# PROBLEM DETAILS:
Restate word for word the lines of the entries below, starting with the line that holds "text d_stop*kp: 0.00697558847948" and ending with the line that holds "text 0 [118, 205, 1157, 234]", and no others.

# TASK INPUTS:
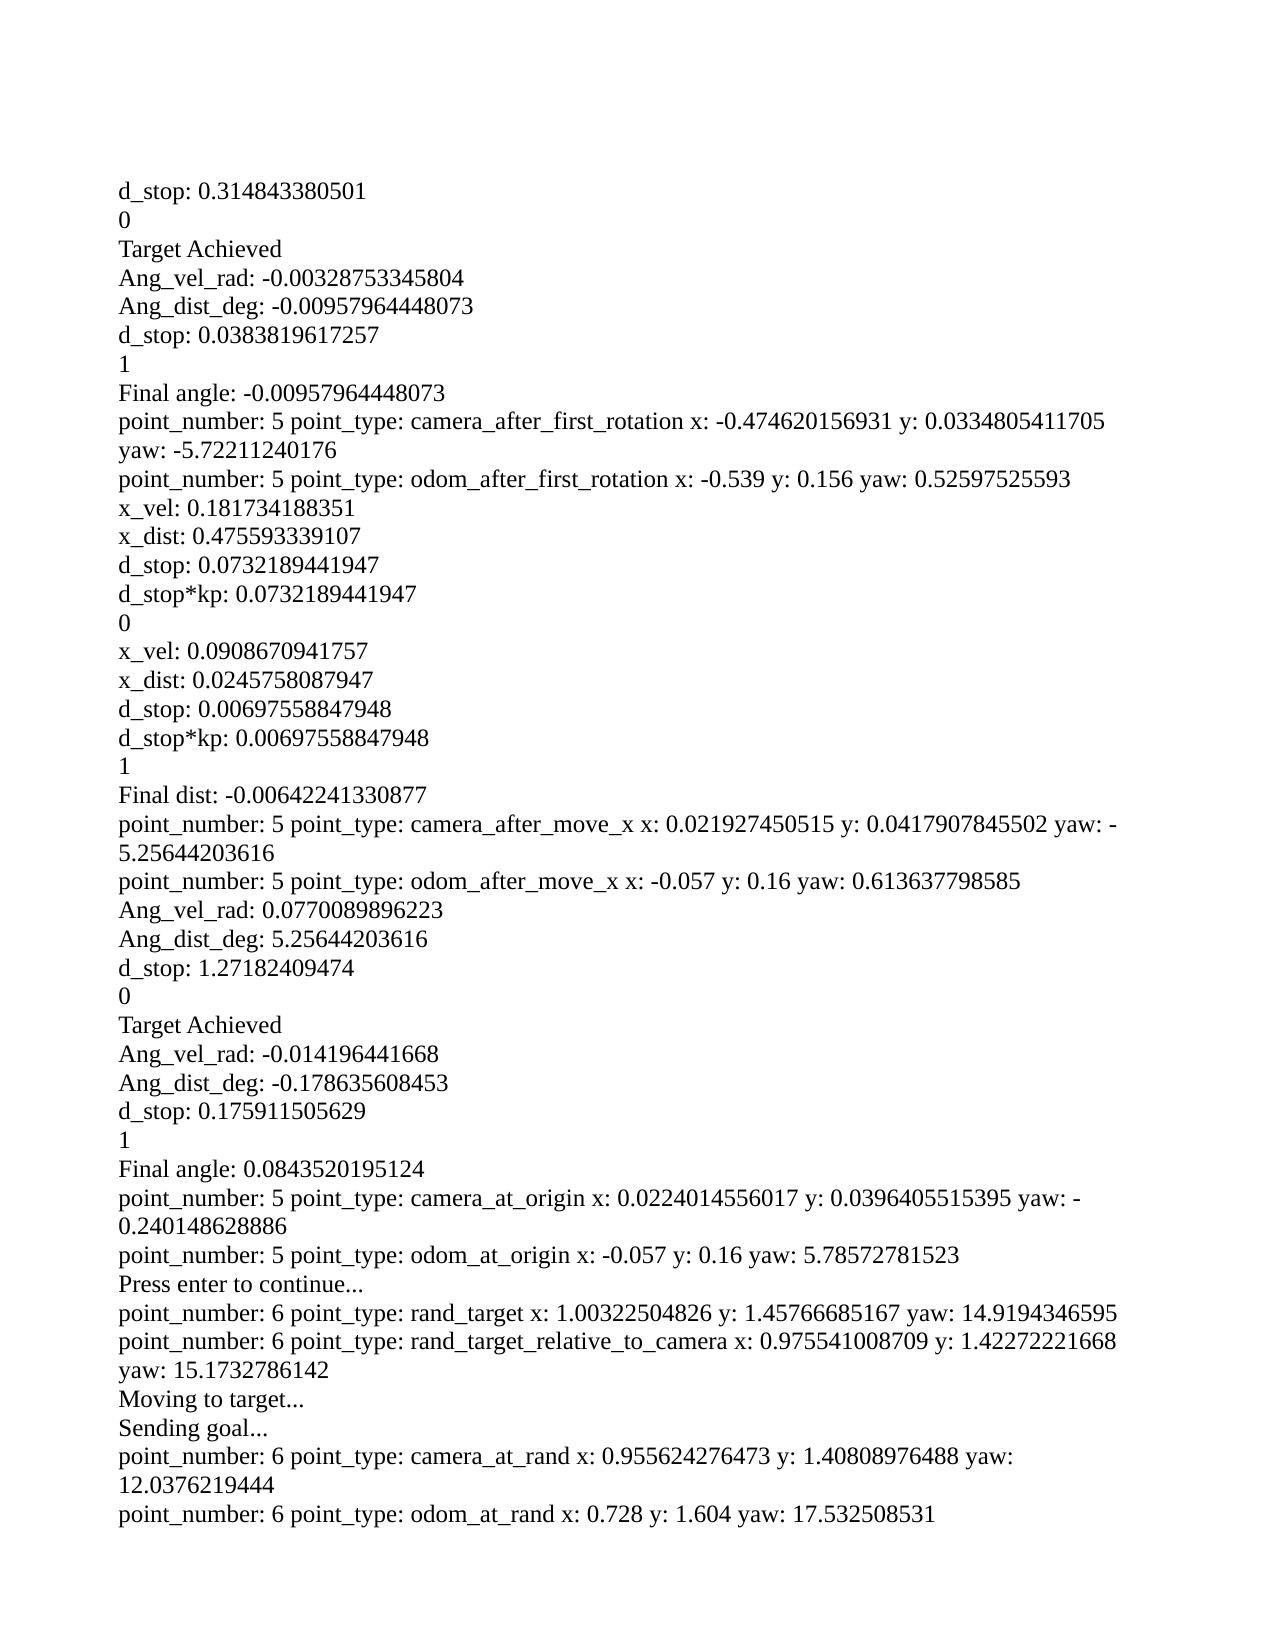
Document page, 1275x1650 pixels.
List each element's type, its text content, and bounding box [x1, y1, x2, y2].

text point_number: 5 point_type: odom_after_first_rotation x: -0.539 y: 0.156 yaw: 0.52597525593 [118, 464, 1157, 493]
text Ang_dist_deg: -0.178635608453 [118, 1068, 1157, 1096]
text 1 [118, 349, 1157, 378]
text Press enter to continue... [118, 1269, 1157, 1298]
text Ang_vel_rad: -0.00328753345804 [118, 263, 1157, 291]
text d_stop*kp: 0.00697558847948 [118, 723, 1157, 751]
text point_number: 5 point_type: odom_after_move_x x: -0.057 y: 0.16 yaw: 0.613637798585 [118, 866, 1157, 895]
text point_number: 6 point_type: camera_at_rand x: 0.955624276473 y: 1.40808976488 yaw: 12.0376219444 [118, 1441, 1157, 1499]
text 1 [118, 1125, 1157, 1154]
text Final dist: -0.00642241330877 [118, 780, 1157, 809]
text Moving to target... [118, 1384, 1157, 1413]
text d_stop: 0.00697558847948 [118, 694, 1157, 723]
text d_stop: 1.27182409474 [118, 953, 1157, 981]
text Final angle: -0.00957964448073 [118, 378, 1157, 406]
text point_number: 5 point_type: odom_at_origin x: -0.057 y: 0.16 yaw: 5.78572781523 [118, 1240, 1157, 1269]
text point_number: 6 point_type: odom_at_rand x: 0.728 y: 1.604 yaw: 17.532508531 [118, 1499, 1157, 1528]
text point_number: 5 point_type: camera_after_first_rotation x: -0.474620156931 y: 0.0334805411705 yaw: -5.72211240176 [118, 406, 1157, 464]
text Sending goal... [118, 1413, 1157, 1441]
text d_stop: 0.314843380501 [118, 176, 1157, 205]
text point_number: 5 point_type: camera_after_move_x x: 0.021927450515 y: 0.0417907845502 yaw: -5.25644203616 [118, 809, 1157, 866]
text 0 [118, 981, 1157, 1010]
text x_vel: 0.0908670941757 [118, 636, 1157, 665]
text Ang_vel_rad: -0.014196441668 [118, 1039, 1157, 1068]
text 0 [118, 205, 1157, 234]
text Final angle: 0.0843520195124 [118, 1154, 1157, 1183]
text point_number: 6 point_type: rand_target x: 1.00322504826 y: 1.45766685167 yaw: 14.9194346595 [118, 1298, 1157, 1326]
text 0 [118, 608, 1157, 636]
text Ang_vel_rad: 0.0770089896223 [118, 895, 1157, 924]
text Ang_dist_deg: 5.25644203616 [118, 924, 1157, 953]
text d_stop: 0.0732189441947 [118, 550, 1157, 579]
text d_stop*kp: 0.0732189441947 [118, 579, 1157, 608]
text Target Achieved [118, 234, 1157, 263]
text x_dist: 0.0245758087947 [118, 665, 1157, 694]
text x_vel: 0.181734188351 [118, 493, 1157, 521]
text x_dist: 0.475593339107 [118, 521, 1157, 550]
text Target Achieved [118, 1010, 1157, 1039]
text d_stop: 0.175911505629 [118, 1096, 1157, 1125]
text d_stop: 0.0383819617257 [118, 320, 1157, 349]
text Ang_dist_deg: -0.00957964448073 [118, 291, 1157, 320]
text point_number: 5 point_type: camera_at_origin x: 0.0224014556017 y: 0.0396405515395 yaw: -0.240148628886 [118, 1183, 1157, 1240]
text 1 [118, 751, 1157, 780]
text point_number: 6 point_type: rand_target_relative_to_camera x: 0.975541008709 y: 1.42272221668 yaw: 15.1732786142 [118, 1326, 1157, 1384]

# EXERCISE ANSWER:
text d_stop*kp: 0.00697558847948 [118, 723, 1157, 751]
text point_number: 5 point_type: odom_after_move_x x: -0.057 y: 0.16 yaw: 0.613637798585 [118, 866, 1157, 895]
text point_number: 6 point_type: camera_at_rand x: 0.955624276473 y: 1.40808976488 yaw: 12.0376219444 [118, 1441, 1157, 1499]
text 1 [118, 1125, 1157, 1154]
text Final dist: -0.00642241330877 [118, 780, 1157, 809]
text Moving to target... [118, 1384, 1157, 1413]
text d_stop: 0.00697558847948 [118, 694, 1157, 723]
text d_stop: 1.27182409474 [118, 953, 1157, 981]
text Final angle: -0.00957964448073 [118, 378, 1157, 406]
text point_number: 5 point_type: odom_at_origin x: -0.057 y: 0.16 yaw: 5.78572781523 [118, 1240, 1157, 1269]
text point_number: 6 point_type: odom_at_rand x: 0.728 y: 1.604 yaw: 17.532508531 [118, 1499, 1157, 1528]
text point_number: 5 point_type: camera_after_first_rotation x: -0.474620156931 y: 0.0334805411705 yaw: -5.72211240176 [118, 406, 1157, 464]
text Sending goal... [118, 1413, 1157, 1441]
text d_stop: 0.314843380501 [118, 176, 1157, 205]
text point_number: 5 point_type: camera_after_move_x x: 0.021927450515 y: 0.0417907845502 yaw: -5.25644203616 [118, 809, 1157, 866]
text 0 [118, 981, 1157, 1010]
text x_vel: 0.0908670941757 [118, 636, 1157, 665]
text Ang_vel_rad: -0.014196441668 [118, 1039, 1157, 1068]
text 0 [118, 205, 1157, 234]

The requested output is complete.